Create a nilfs2 filesystem
mkfs -t nilfs2 [ -b block-size ] [ -B blocks-per-segment ] [ -c ] [ -f ] [ -K ] [ -L volume-label ] [ -m reserved-segments-percentage ] [ -n ] [ -O feature[,...] ] [ -h ] [ -q ] [ -v ] [ -V ] device
mkfs.nilfs2 [ -b block-size ] [ -B blocks-per-segment ] [ -c ] [ -f ] [ -K ] [ -L volume-label ] [ -m reserved-segments-percentage ] [ -n ] [ -O feature[,...] ] [ -h ] [ -q ] [ -v ] [ -V ] device
mkfs.nilfs2 is used to create a nilfs2 filesystem (usually in a disk partition). device is the special file corresponding to the device (e.g. /dev/sdXX). Usually mkfs.nilfs2 is invoked from the mkfs(8) front-end program.
The exit code returned by mkfs.nilfs2 is 0 on success and 1 on failure.
-b block-size
Specify the size of blocks in bytes. The valid block size is 1024, 2048, 4096, 8192 bytes, ..., and the maximum block size is restricted to the system page size. For most machines, it is 4096 bytes. The default block size is 4096 bytes.
-B blocks-per-segment
Specify the number of blocks in a segment, where the segment (also called full segment) is an allocation unit of disk space of NILFS. This parameter gives the size of segment and consequently determines how many segments are aligned in the specified device. The default number of blocks per segment is 2048 (= 8MB with 4KB blocks).
-c
Check the device for bad blocks before building the filesystem.
-f
Force overwrite when an existing filesystem is detected on the device. By default, mkfs.nilfs2 will not write to the device if it suspects that there is a filesystem on the device already.
-h
Display help message and exit.
-K
Keep, do not attempt to discard blocks at mkfs time (discarding blocks initially is useful on solid state drives and sparse / thinly-provisioned storage).
-L new-volume-label
Set the volume label for the filesystem to new-volume-label. The maximum length of the volume label is 80 bytes.

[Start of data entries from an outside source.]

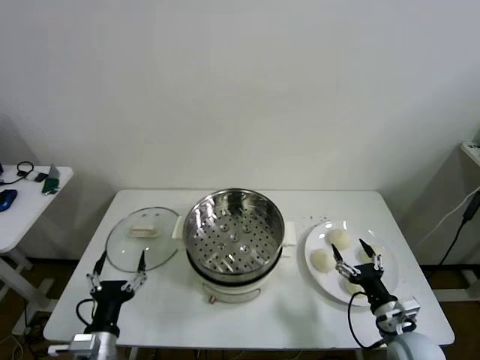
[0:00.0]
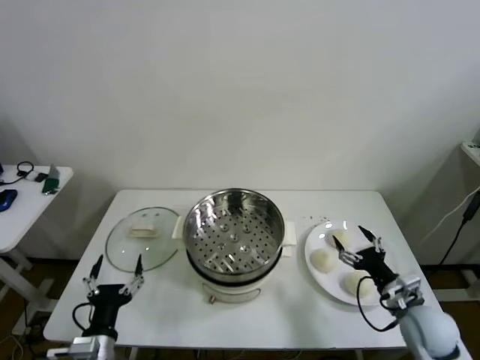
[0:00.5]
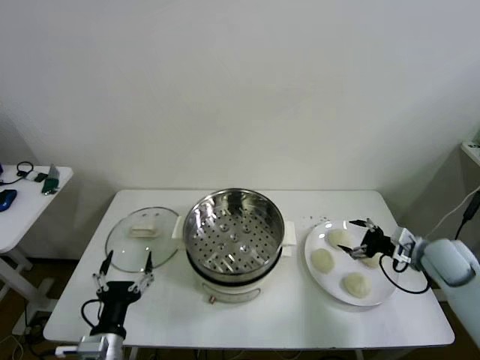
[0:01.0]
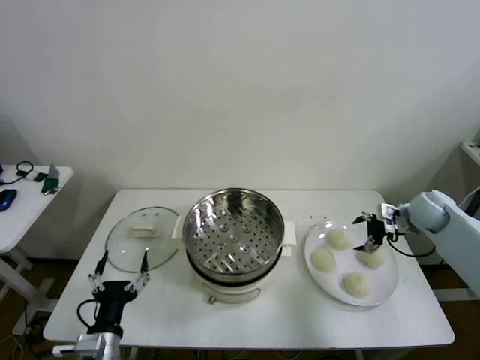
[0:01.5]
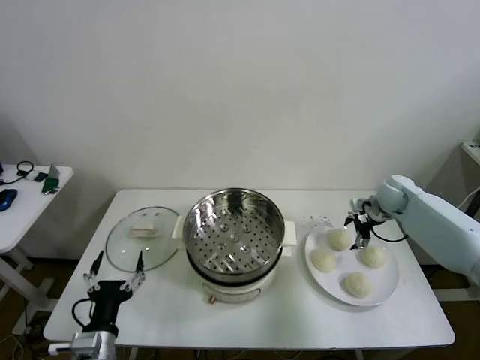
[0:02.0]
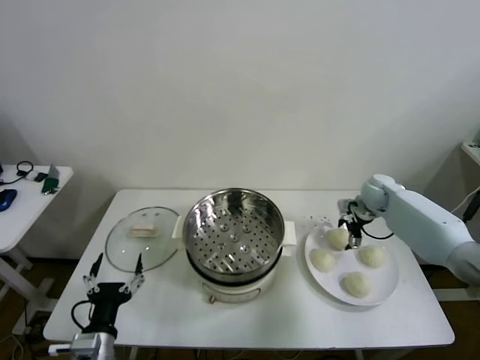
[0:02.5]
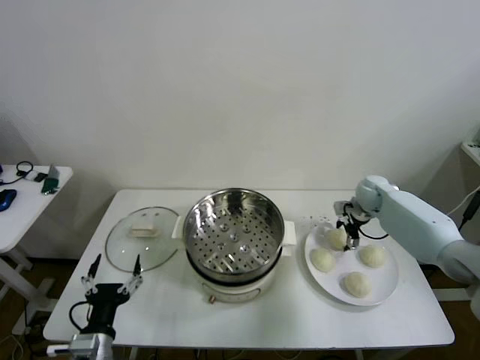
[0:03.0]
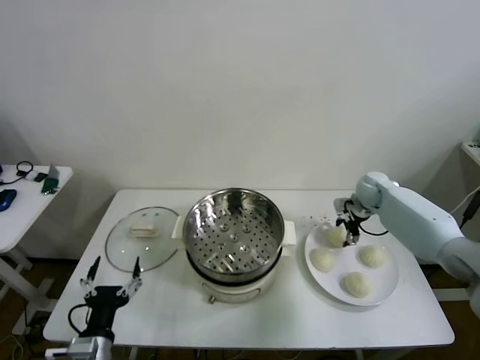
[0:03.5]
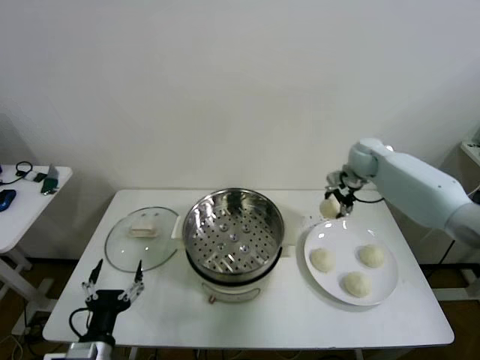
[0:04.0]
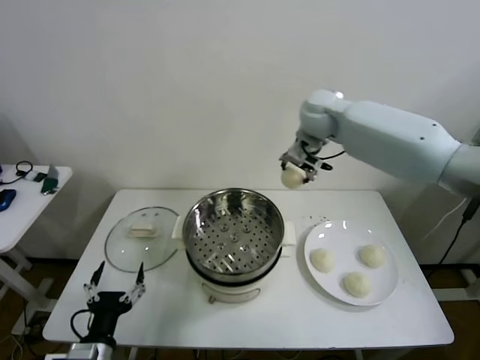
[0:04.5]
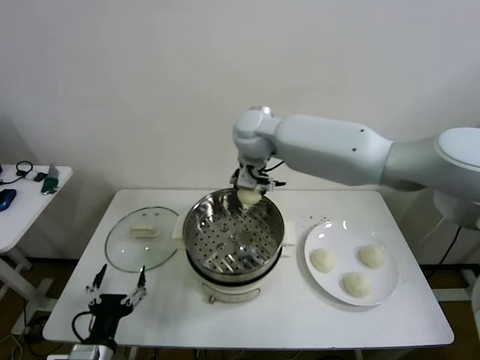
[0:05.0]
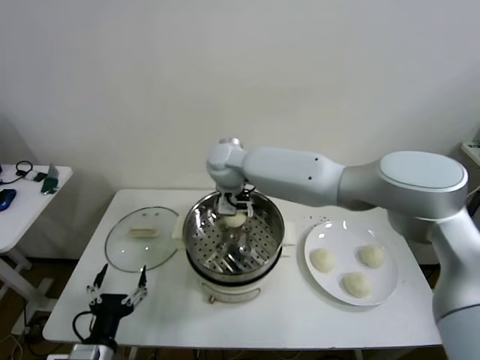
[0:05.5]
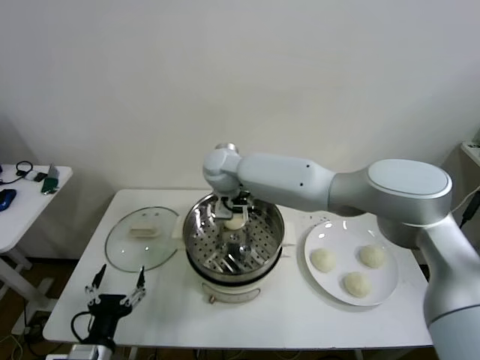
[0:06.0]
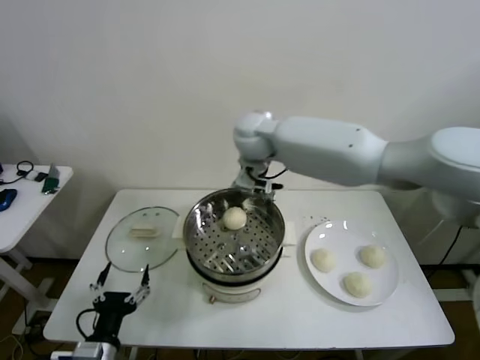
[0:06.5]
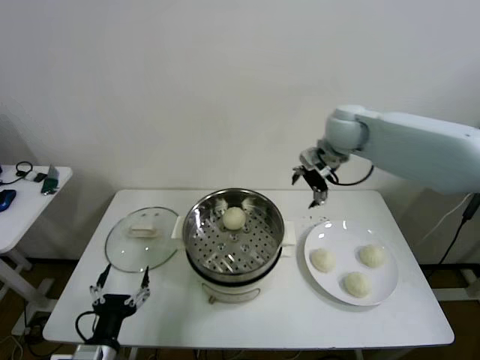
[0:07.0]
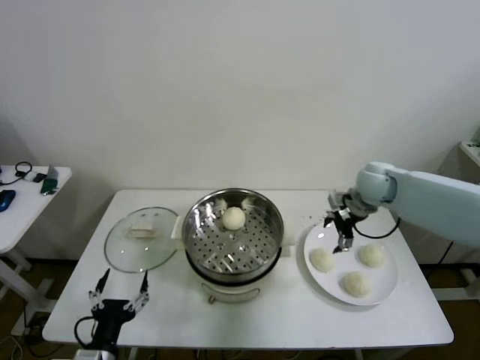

-m reserved-segments-percentage
Specify the percentage of the segments reserved for garbage collection. The default percentage is 5%.
-n
Cause mkfs.nilfs2 to not actually create a filesystem, but display what it would be do if it were to create a filesystem.
-O feature[,...]
Create a filesystem with the given features (filesystem options), overriding the default filesystem options.
The filesystem feature set is comprised of a list of features, separated by commas, that are to be enabled. To disable a feature, simply prefix the feature name with a caret ('^') character. The pseudo-filesystem feature "none" will clear all filesystem features.
block_count
Enable block count per checkpoint.
-q
Quiet execution. Useful if mkfs.nilfs2 is run in a script.
-v
Verbose execution.
-V
Print the version number of mkfs.nilfs2 and exit.